Mel felt as if he were capsized on the bottom of the river. “I thought the article was accurate. Otherwise, I wouldn't have gone—”

“It took me all night, Mr. DeSoto, all night, and my father's memory is still not patched up in Leslie's mind. And now I'd like for you to stay away from us.”

He picked up his hands. “Of course.”

She turned for the door, but then she glanced back at him. “When you look at one of these images you find in a used camera, what do you see?”

“Meaning?” he said without thinking.

She thought about this a moment, then said, “Why don't you just look at it?”

*   *   *

That night, Mel had a dream that he was trying to develop a photo of his wife. The first image in the tray was supposed to be her on their honeymoon, but instead, the figure of a little girl in a white Communion dress bloomed under the chemical. He put a different negative in the enlarger, one of his daughter, and again the little Italian girl appeared in the tray. One after another, no matter what negative he exposed on the easel, the little girl smiled up at him from the steps of a church, hands clasped. He woke up, the child's face razored into his brain, and tried to figure what the image meant, but he could not. He remembered the photo of the hairy father sprawled on the sofa and tried to imagine a connection, but no meaning came to him. He went into his darkroom and clicked on the enlarger, watching the face of Amanda Springer reversed in every way on the white background of his easel. He made a print.

*   *   *

Two months passed, and then a smiling man came into the shop, handing over a card telling that he was a deaf-mute. The man placed a Crown Graphic on the counter, pulled out a pad, and wrote that he could lip-read and that he wanted two hundred dollars for the camera. Mel examined the bellows and noted the make of the lens.

He aimed his mouth at the man. “I can let you have one seventy-five, tops.”

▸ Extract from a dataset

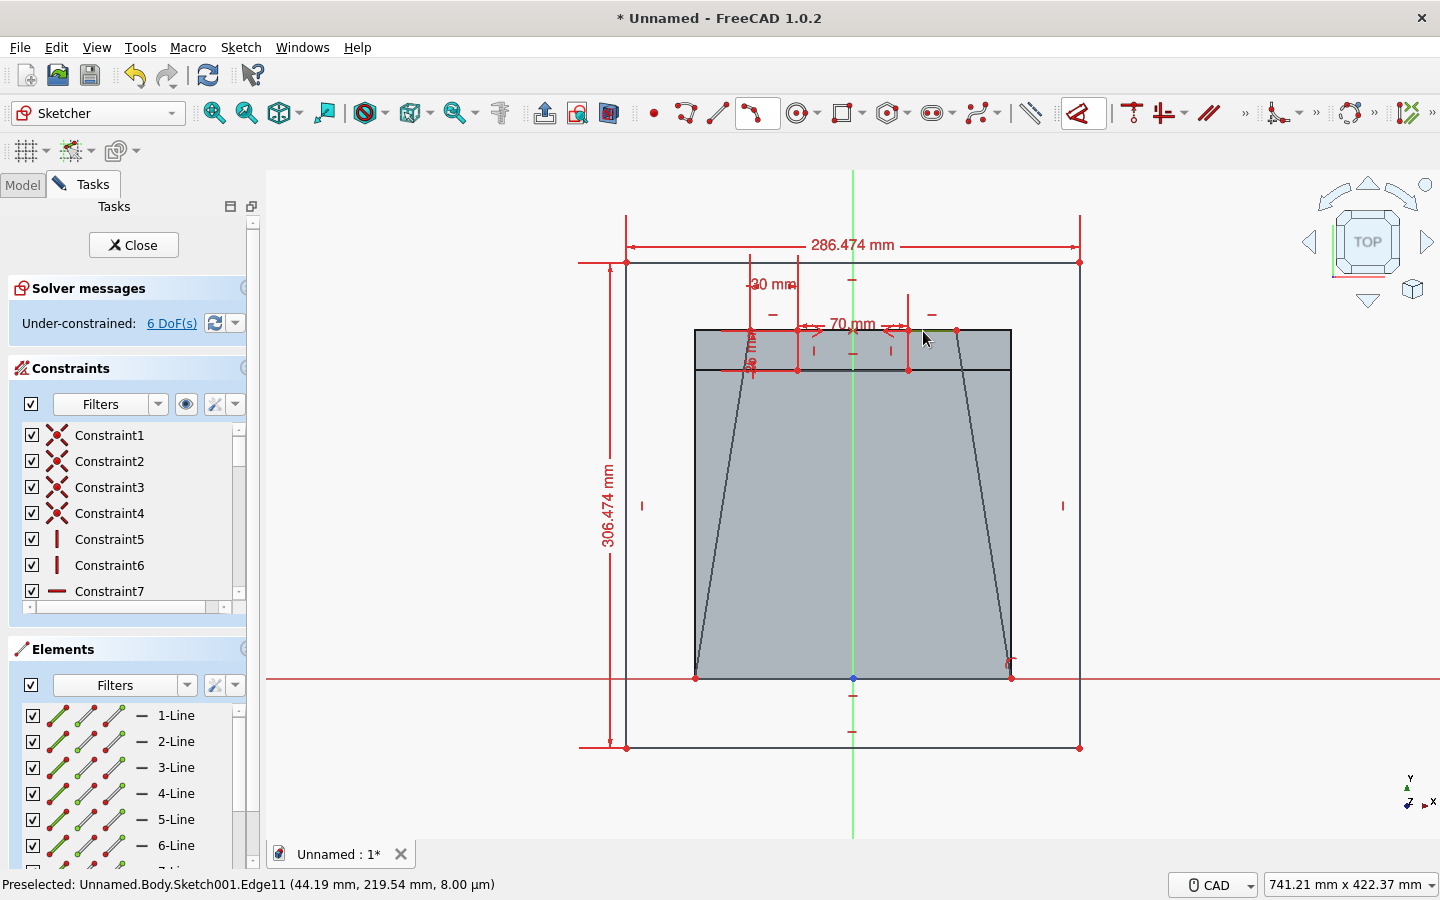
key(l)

The man wrote in a neat, fast hand, “I've been offered a hundred ninety dollars for it.” He put three negative carriers on the counter. “These go with it,” he wrote.

Mel looked the man in the eye. He didn't appear to be any different from anyone else, just more attentive. “In that case, we'll do one ninety,” he told the deaf-mute. He pulled out an invoice and began writing, then asked the man for his signature. The man read his lips and nodded. A little light came on in Mel's head, and when the deaf-mute looked up, he asked, “Can you read lips on television?”

The man wrote “Some” on his pad.

“Can you tell what syllable someone is saying in a photograph?”

“Don't know,” the man wrote.

Mel went to the filing cabinet and pulled out an eight-by-ten print of the last photo taken of Amanda Springer, her mouth open, the ominous bow of the navy vessel at her back.

The deaf-mute lowered his head. “Ga,” he wrote.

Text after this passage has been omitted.